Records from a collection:
—————
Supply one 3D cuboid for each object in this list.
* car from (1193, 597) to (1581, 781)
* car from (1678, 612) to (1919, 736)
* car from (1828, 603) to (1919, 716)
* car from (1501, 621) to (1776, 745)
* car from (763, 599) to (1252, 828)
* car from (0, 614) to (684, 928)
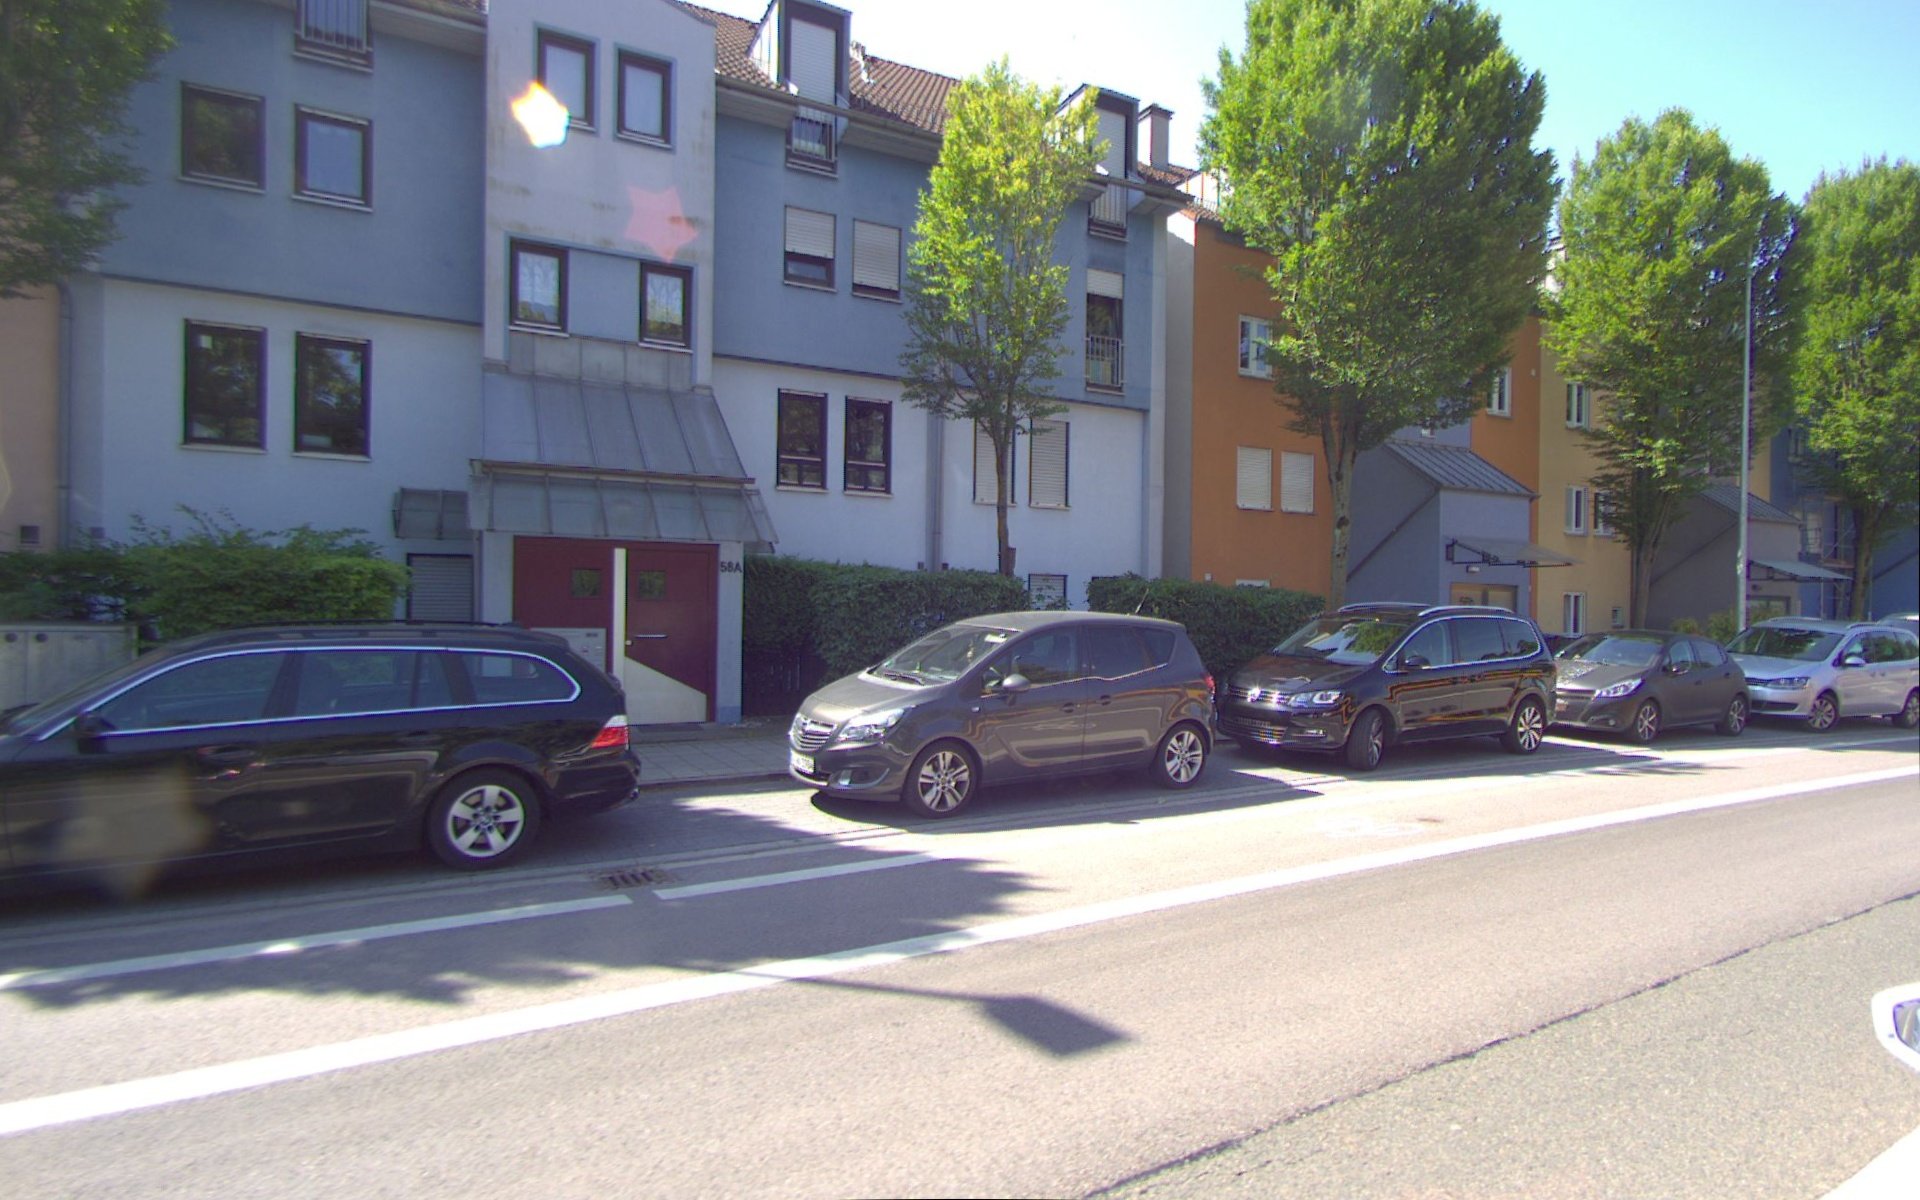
—————
**Work to complete:**
Could you reproduce exactly the lines from the one containing "to (1919, 736)" through the last line of the records, both included, leaving out the pictures?

**Written response:**
* car from (1678, 612) to (1919, 736)
* car from (1828, 603) to (1919, 716)
* car from (1501, 621) to (1776, 745)
* car from (763, 599) to (1252, 828)
* car from (0, 614) to (684, 928)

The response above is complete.